START Exercise material

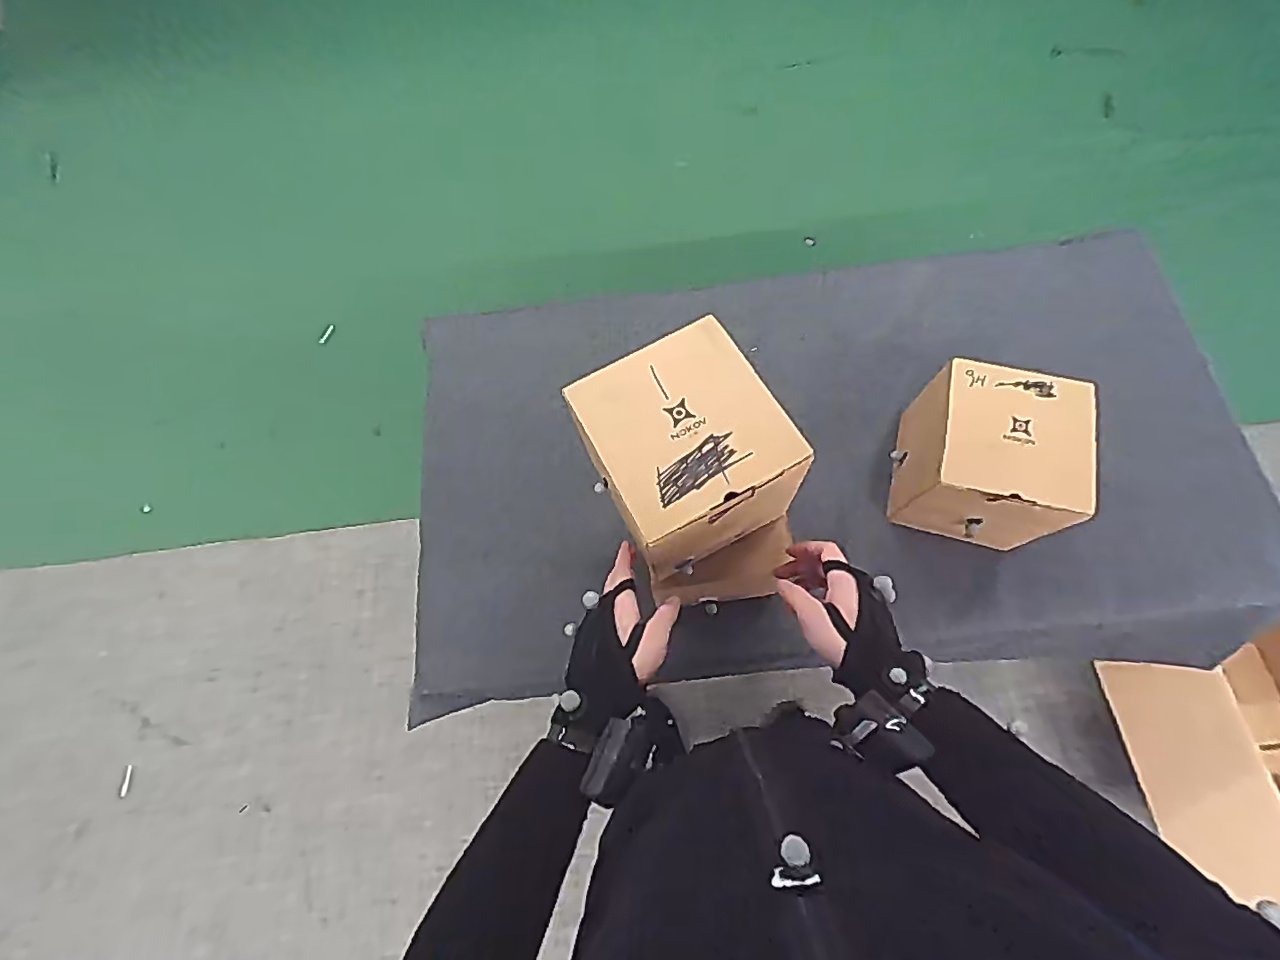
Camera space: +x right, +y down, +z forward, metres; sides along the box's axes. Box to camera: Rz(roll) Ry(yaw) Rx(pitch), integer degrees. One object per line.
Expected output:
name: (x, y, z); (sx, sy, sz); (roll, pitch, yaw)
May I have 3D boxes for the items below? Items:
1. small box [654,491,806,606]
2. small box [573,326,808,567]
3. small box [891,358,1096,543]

END Exercise material

*Instructions to follow*
The entries are to be restated word for word, with pictures omitted.

*Reply*
Camera space: +x right, +y down, +z forward, metres; sides along the box's axes. Box to camera: Rz(roll) Ry(yaw) Rx(pitch), integer degrees. One object per line.
Expected output:
name: (x, y, z); (sx, sy, sz); (roll, pitch, yaw)
May I have 3D boxes for the items below? Items:
1. small box [654,491,806,606]
2. small box [573,326,808,567]
3. small box [891,358,1096,543]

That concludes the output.